## Task statement
Within the records that follow, determine how many lines include the word "angles". State the number and nothing further.

## Task material
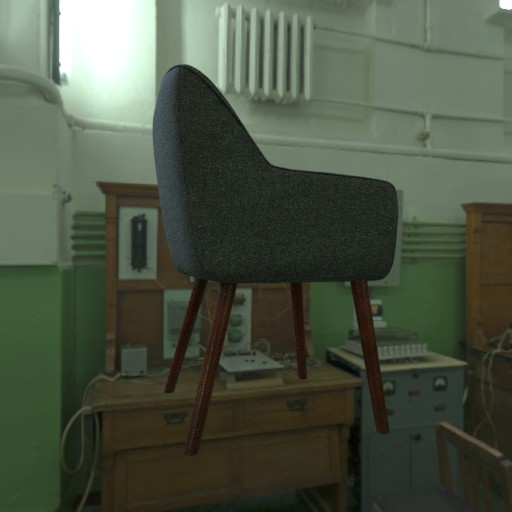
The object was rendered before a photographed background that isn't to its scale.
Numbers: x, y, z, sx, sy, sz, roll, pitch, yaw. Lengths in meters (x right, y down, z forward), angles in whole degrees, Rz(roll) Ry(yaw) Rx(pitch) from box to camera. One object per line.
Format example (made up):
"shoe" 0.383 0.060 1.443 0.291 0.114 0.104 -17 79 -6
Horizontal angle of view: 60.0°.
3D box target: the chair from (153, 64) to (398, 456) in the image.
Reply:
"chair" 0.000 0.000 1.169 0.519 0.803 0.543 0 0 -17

* * *

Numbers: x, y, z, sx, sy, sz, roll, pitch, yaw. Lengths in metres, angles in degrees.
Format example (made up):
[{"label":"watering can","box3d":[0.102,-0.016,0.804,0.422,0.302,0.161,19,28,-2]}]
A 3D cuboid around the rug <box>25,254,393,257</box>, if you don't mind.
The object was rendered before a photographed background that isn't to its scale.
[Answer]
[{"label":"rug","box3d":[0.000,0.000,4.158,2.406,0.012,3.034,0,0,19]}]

## Worked solution
2